Tuesday, July 16, 2024

Dabble Entendres

"I wanna blow you... away"
Avril Lavigne being less clever than the examples on this page in Things I'll Never Say
 
This just in: the Tolkien estate would like you to rigorous some mortis.
 
Actually I don't know where Standing Stone got that cavern's name, since neither word shows up in dwarvish translations that I can find, much less orcish ones, with the closest being the quenya for spikes or teeth. Like the films' crew, they were forced to reconstruct past what Tolkien himself provided into order to make a few phrases flow better in dialogue or the many added toponyms, and it may be pure gibberish as far as I know.
 
Which saps very little of its humor.
 
Much like a science fiction game inviting you to dock with Anakin's Crack.
 

 It's in the vicinity of Buttock.


And just opposite Cock-Lite.


It's damn near impossible to avoid double entendres, given how our glorious monkey brains bend toward the topic of naughty bits. It is perfectly mundane and factual that medieval men loved the feel of hoes on the crotch. They were very open-minded about it too: brown hoes, yellow hoes, decorated hoes, fashionable hoes, even loose hoes in a pinch... or lack thereof. But when you get to "tight black hose" come on, now you're doing it on purpose.

Hell, more often you don't even need words. I toyed with the notion of starting a campaign of Manor Lords, but couldn't stop giggling on seeing my family crest could be a frustrated purple cock in a shower of spermatozoa.


But it does seem that algorithmic content generation has concatenated many phrases which nobody would ever have considered before. Sometimes they can be innocent name pairings the likes of Jay Leno's Headlines segment.
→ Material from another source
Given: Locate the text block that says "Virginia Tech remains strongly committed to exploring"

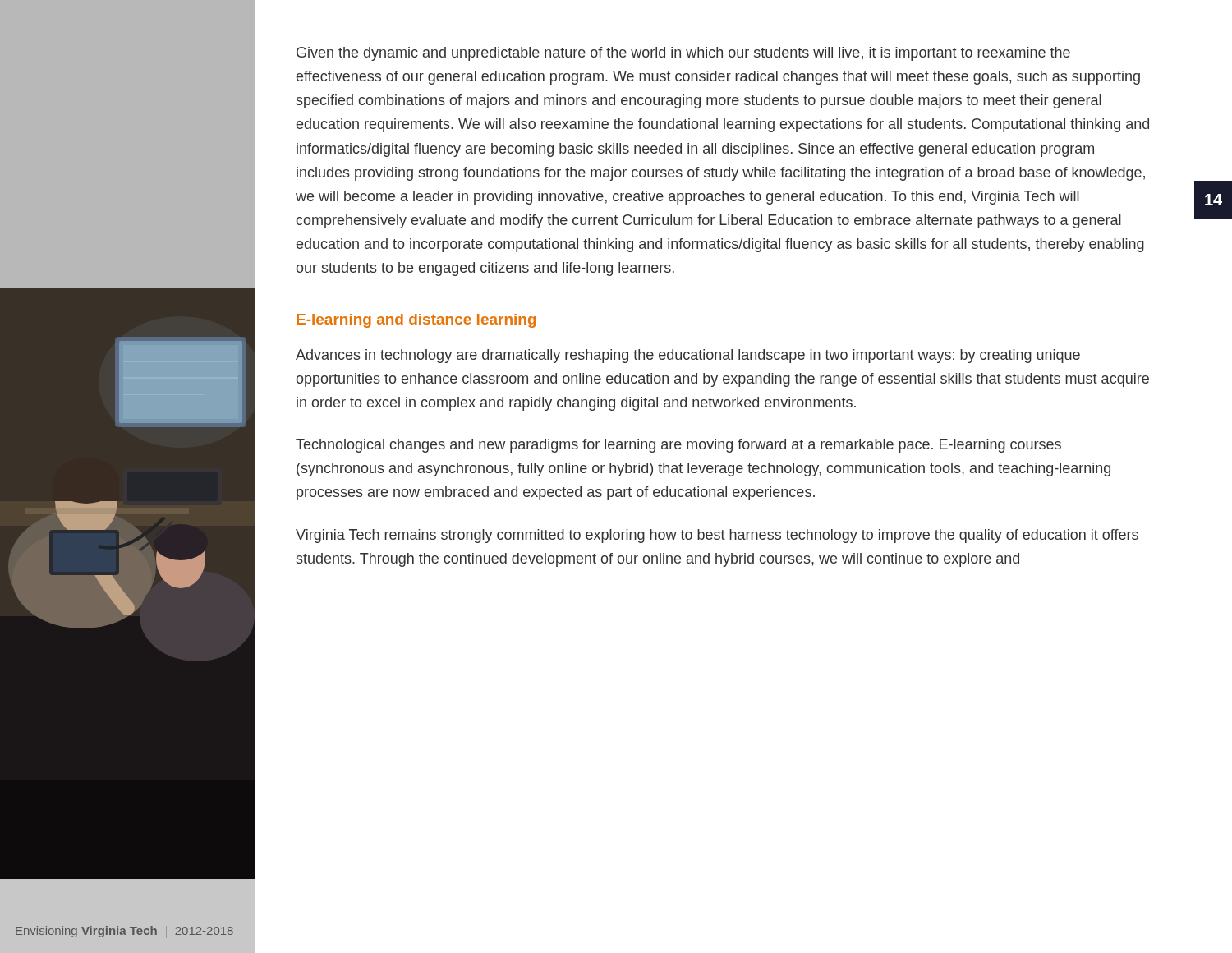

well, he does love himself
While other times the algorithm gets weirdly and awkwardly expressive.
Oooh baby, I only boing for you
And let's admit that no matter how many "dirty" words you ban from your generator, you can never avoid the suggestive implications of endless word combinations which make up language as a whole.
 
Come on, you can't feed me a line like "danceoiled" or "narrow roughness"* and not expect me to complete the motion!
 
But if I've ever seen a game stumble head-first into this problem, it was Warframe, whose developers have a sense of humor about this sort of thing and so might've "accidentally" been a bit lax about pruning certain phonemes. A few years ago its "Kuva Lich" enemy generator launched complete with name generation, and given the names had to be short and guttural sounding, creations like Zoo Gangg, Bigg Horr, Ogg Fuhkk and Yirr Mahorr rapidly mounted. My own list, aside from more casual weirdness like two liches named Aff Egg and Obb Egg, also includes an Ugly Jaw and the family jewel of my collection:



Best part? It's a shotgun. It has a ball behind its thick stubby barrel. And the game now includes an enemy type called the "sisters" so I can officially declare I am spraying your sisters with my cohkk a nudi kohm!
 
As Yakko Warner might say: mwwwah! good night, everybody!
 
Do I have a point with all this? Well I sure as hell didn't start with one. I've just been sitting on these screenshots for years now. But if pressed to fabricate a moral to this story, it would concern those glorified chatbots everyone's calling generative AI. Please don't straightjacket them in fear they might say something suggestive. Let the darlings spew freely. First of all, you simply cannot prevent it. Second, it's freakin' hilarious.

__________________________________________

*Yes, Aaron Williams, Cac'toss Up'd'azz lives on!

P.S.:
If anyone doesn't recognize the games referenced, from top to bottom they're The Lord of the Rings Online, Stellaris, Kingdom Come: Deliverance, Manor Lords, Rimworld, Dwarf Fortress and Warframe. Titles like the world of rimming and the kingdom of coming are just glazing on the cake.